(Items from a dataset)
■ ■ ■

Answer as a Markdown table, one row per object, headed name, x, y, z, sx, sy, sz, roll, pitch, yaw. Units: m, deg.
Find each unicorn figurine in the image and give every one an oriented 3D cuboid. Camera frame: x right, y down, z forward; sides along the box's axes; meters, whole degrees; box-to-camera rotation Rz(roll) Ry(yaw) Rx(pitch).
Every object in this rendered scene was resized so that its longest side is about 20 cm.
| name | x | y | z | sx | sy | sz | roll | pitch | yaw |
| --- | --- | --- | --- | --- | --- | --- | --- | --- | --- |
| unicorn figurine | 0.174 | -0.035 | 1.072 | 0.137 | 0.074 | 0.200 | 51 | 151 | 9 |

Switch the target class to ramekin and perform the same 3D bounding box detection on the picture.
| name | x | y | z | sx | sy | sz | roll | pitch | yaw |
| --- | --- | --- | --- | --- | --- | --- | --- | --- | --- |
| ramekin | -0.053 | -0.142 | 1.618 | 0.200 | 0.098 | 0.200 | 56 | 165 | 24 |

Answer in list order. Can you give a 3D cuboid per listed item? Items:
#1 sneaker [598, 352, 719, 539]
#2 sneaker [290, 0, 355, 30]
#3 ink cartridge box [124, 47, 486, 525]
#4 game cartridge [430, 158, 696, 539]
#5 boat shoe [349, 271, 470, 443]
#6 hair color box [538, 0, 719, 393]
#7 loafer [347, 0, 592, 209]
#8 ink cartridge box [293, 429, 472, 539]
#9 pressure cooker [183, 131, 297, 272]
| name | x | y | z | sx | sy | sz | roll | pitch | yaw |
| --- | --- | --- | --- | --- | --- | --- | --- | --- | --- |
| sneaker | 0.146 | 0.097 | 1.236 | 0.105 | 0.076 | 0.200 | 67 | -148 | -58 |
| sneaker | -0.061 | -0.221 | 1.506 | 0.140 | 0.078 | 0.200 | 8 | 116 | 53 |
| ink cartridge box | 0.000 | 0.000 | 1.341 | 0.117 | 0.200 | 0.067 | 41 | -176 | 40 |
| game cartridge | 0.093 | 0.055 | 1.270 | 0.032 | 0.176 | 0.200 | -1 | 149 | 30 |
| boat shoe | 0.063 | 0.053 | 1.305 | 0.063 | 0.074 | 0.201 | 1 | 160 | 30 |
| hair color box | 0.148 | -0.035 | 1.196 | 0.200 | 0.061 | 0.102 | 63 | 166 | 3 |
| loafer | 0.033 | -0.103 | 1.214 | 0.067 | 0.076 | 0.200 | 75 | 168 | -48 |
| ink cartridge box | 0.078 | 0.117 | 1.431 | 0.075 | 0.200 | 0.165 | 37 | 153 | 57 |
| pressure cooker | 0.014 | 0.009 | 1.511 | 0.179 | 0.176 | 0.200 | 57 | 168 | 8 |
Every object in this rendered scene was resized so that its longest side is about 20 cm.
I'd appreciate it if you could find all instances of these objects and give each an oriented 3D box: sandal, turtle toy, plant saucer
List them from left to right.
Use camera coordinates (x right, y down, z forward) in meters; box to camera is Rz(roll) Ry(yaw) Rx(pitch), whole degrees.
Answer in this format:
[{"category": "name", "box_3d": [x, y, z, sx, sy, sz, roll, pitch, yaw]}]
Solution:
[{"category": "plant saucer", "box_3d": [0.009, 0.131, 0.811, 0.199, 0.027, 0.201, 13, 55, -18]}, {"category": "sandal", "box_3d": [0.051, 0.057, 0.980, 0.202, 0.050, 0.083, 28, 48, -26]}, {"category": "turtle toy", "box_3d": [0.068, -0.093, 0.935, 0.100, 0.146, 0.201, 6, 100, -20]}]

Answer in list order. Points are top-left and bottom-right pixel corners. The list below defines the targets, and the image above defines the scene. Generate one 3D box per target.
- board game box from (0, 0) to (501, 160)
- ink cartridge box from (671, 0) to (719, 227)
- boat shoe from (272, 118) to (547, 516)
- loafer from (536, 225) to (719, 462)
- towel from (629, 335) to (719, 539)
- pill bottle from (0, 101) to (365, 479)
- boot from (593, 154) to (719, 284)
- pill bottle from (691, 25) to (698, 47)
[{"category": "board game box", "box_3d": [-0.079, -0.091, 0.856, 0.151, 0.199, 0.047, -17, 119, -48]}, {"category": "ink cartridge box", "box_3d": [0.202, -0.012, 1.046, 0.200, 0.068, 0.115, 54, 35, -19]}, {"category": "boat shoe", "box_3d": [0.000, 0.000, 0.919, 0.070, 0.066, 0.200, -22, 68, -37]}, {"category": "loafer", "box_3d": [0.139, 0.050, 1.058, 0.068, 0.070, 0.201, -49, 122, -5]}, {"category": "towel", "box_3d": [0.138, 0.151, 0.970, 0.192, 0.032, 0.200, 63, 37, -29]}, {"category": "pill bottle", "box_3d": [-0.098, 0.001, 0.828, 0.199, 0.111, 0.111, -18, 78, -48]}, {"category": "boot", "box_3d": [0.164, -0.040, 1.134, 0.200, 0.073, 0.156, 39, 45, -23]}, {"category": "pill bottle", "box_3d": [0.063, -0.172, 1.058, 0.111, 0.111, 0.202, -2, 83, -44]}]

■ ■ ■

Out of the data above, set down the lines from the one with "Use camera coordinates" to the one with "- board game box from (0, 0) to (501, 160)", both included, exactly as written and with no additions.

Use camera coordinates (x right, y down, z forward) in meters; box to camera is Rz(roll) Ry(yaw) Rx(pitch), whole degrees.
Answer in this format:
[{"category": "name", "box_3d": [x, y, z, sx, sy, sz, roll, pitch, yaw]}]
Solution:
[{"category": "plant saucer", "box_3d": [0.009, 0.131, 0.811, 0.199, 0.027, 0.201, 13, 55, -18]}, {"category": "sandal", "box_3d": [0.051, 0.057, 0.980, 0.202, 0.050, 0.083, 28, 48, -26]}, {"category": "turtle toy", "box_3d": [0.068, -0.093, 0.935, 0.100, 0.146, 0.201, 6, 100, -20]}]

Answer in list order. Points are top-left and bottom-right pixel corners. The list below defines the targets, and the image above defines the scene. Generate one 3D box per target.
- board game box from (0, 0) to (501, 160)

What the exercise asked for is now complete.